Darunter versteht man Gleise in Bahnhöfen, die im Regelbetrieb freigehalten werden, um bei Störungen flexibler reagieren zu können. Solche Reserven könnten Engpässe kurzfristig entschärfen. Auch sogenannte Flex-Abfahrten stehen zur Diskussion: Züge könnten dann beispielsweise schon eine Minute vor der offiziell veröffentlichten Zeit abgefertigt werden, um pünktlicher zu starten.
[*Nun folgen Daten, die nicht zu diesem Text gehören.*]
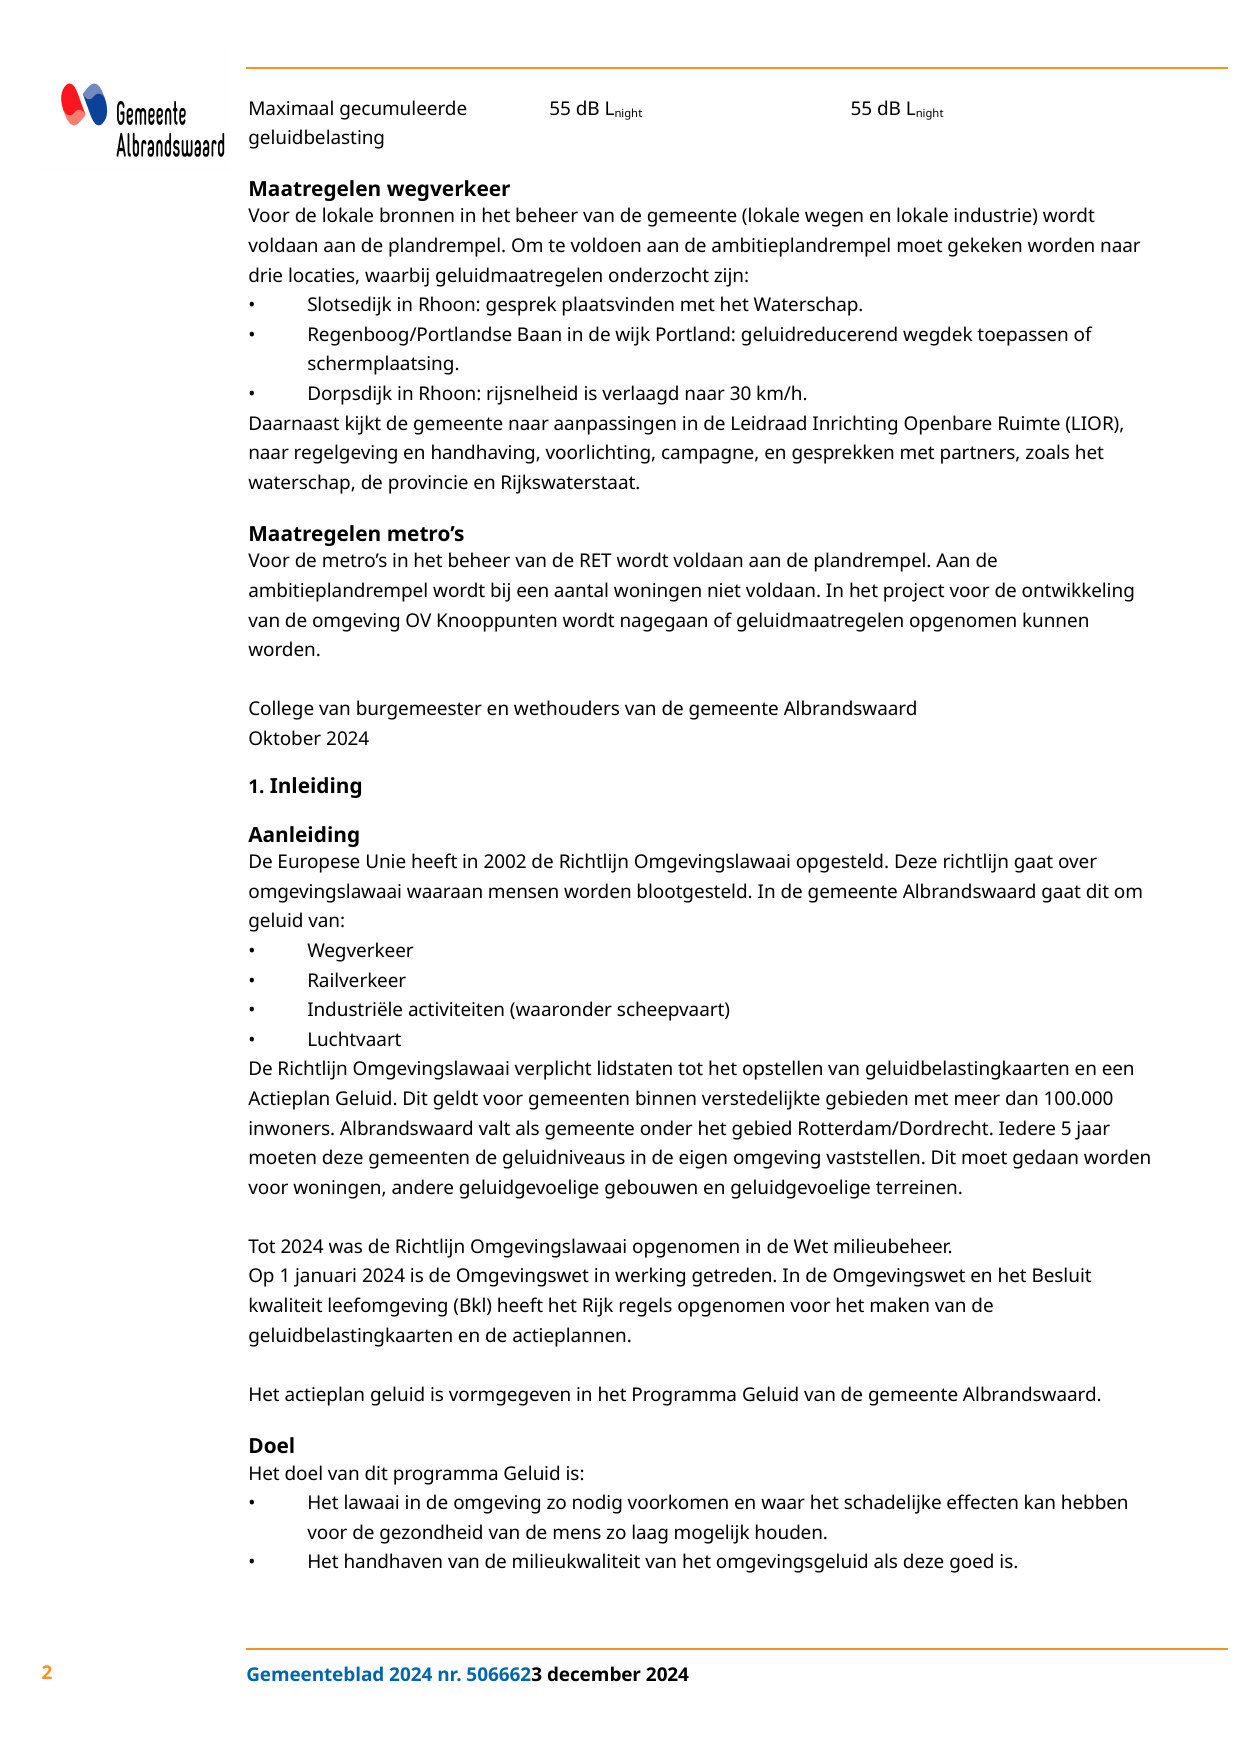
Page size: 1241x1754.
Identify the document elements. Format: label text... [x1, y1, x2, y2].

table_cell 55 dB Lnight [850, 95, 1152, 150]
list Regenboog/Portlandse Baan in de wijk Portland: geluidreducerend wegdek toepassen of schermplaatsing. [248, 321, 1152, 376]
text De Europese Unie heeft in 2002 de Richtlijn Omgevingslawaai opgesteld. Deze richtlijn gaat over omgevingslawaai waaraan mensen worden blootgesteld. In de gemeente Albrandswaard gaat dit om geluid van: [248, 848, 1152, 933]
table_cell Maximaal gecumuleerde geluidbelasting [248, 95, 549, 150]
text Het actieplan geluid is vormgegeven in het Programma Geluid van de gemeente Albrandswaard. [248, 1381, 1152, 1407]
text Maatregelen wegverkeer [248, 174, 1152, 203]
list Het lawaai in de omgeving zo nodig voorkomen en waar het schadelijke effecten kan hebben voor de gezondheid van de mens zo laag mogelijk houden. [248, 1489, 1152, 1545]
text College van burgemeester en wethouders van de gemeente Albrandswaard [248, 696, 1152, 721]
list Dorpsdijk in Rhoon: rijsnelheid is verlaagd naar 30 km/h. [248, 380, 1152, 406]
text Oktober 2024 [248, 725, 1152, 751]
text Het doel van dit programma Geluid is: [248, 1460, 1152, 1486]
table_cell 55 dB Lnight [549, 95, 850, 150]
text Maatregelen metro’s [248, 519, 1152, 548]
list Slotsedijk in Rhoon: gesprek plaatsvinden met het Waterschap. [248, 291, 1152, 317]
list Het handhaven van de milieukwaliteit van het omgevingsgeluid als deze goed is. [248, 1549, 1152, 1574]
list Wegverkeer [248, 937, 1152, 963]
text Voor de metro’s in het beheer van de RET wordt voldaan aan de plandrempel. Aan de ambitieplandrempel wordt bij een aantal woningen niet voldaan. In het project voor de ontwikkeling van de omgeving OV Knooppunten wordt nagegaan of geluidmaatregelen opgenomen kunnen worden. [248, 548, 1152, 662]
list Industriële activiteiten (waaronder scheepvaart) [248, 996, 1152, 1022]
text Voor de lokale bronnen in het beheer van de gemeente (lokale wegen en lokale industrie) wordt voldaan aan de plandrempel. Om te voldoen aan de ambitieplandrempel moet gekeken worden naar drie locaties, waarbij geluidmaatregelen onderzocht zijn: [248, 203, 1152, 287]
picture [41, 47, 231, 172]
text De Richtlijn Omgevingslawaai verplicht lidstaten tot het opstellen van geluidbelastingkaarten en een Actieplan Geluid. Dit geldt voor gemeenten binnen verstedelijkte gebieden met meer dan 100.000 inwoners. Albrandswaard valt als gemeente onder het gebied Rotterdam/Dordrecht. Iedere 5 jaar moeten deze gemeenten de geluidniveaus in de eigen omgeving vaststellen. Dit moet gedaan worden voor woningen, andere geluidgevoelige gebouwen en geluidgevoelige terreinen. [248, 1056, 1152, 1200]
list Railverkeer [248, 967, 1152, 993]
text Aanleiding [248, 820, 1152, 848]
text Op 1 januari 2024 is de Omgevingswet in werking getreden. In de Omgevingswet en het Besluit kwaliteit leefomgeving (Bkl) heeft het Rijk regels opgenomen voor het maken van de geluidbelastingkaarten en de actieplannen. [248, 1263, 1152, 1348]
text Doel [248, 1431, 1152, 1460]
list Luchtvaart [248, 1026, 1152, 1052]
text 1. Inleiding [248, 771, 1152, 799]
text Tot 2024 was de Richtlijn Omgevingslawaai opgenomen in de Wet milieubeheer. [248, 1233, 1152, 1259]
text Daarnaast kijkt de gemeente naar aanpassingen in de Leidraad Inrichting Openbare Ruimte (LIOR), naar regelgeving en handhaving, voorlichting, campagne, en gesprekken met partners, zoals het waterschap, de provincie en Rijkswaterstaat. [248, 410, 1152, 494]

DB Regio verzeichnet mehr Fahrgäste
Bei den internen Themen sieht sich DB Regio nach Angaben des Unternehmens auf Kurs. Van Zijderveld verwies darauf, dass die wegen Personalmangels ausgefallenen Zugkilometer in den vergangenen drei Jahren dank 20.000 neu eingestellter Mitarbeiterinnen und Mitarbeiter um 80 Prozent gesenkt worden seien.
Zudem ist die Zahl der Reisenden im Regionalverkehr zuletzt deutlich gestiegen. Der Manager führt das auch auf höhere Benzinpreise zurück. Im April habe es 12 Millionen Fahrgäste mehr gegeben als im Vorjahresmonat, was einem Plus von knapp zehn Prozent entspreche. Das Deutschlandticket sei gerade in Zeiten unsicherer Kraftstoffpreise wegen seiner einfachen Struktur und seines vergleichsweise günstigen Preises eine große Unterstützung, auch wenn der ursprüngliche Preis von 49 Euro nicht dauerhaft gehalten werden konnte.
Sommeraktion rund um das Deutschlandticket
Der Preis für das Deutschlandticket liegt derzeit bei 63 Euro im Monat. Bahn und andere Verkehrsunternehmen entscheiden darüber nicht selbst; die Höhe wird politisch zwischen Bund und Ländern festgelegt.
Um das Ticket im Sommer dennoch attraktiver zu machen, plant die Bahn eine Sonderaktion. Wer das Deutschlandticket neu über die Kanäle der DB bucht, soll eine Probe-Bahncard 25 für 5,99 Euro erhalten. Normalerweise kostet diese in der 2. Klasse 19,90 Euro und gilt drei Monate. Mit ihr erhalten Kundinnen und Kunden 25 Prozent Rabatt auf Fernverkehrstickets. Nach Angaben von van Zijderveld profitieren Reisende damit nicht nur im Nahverkehr, sondern auch bei Fahrten im Fernverkehr von besseren Konditionen.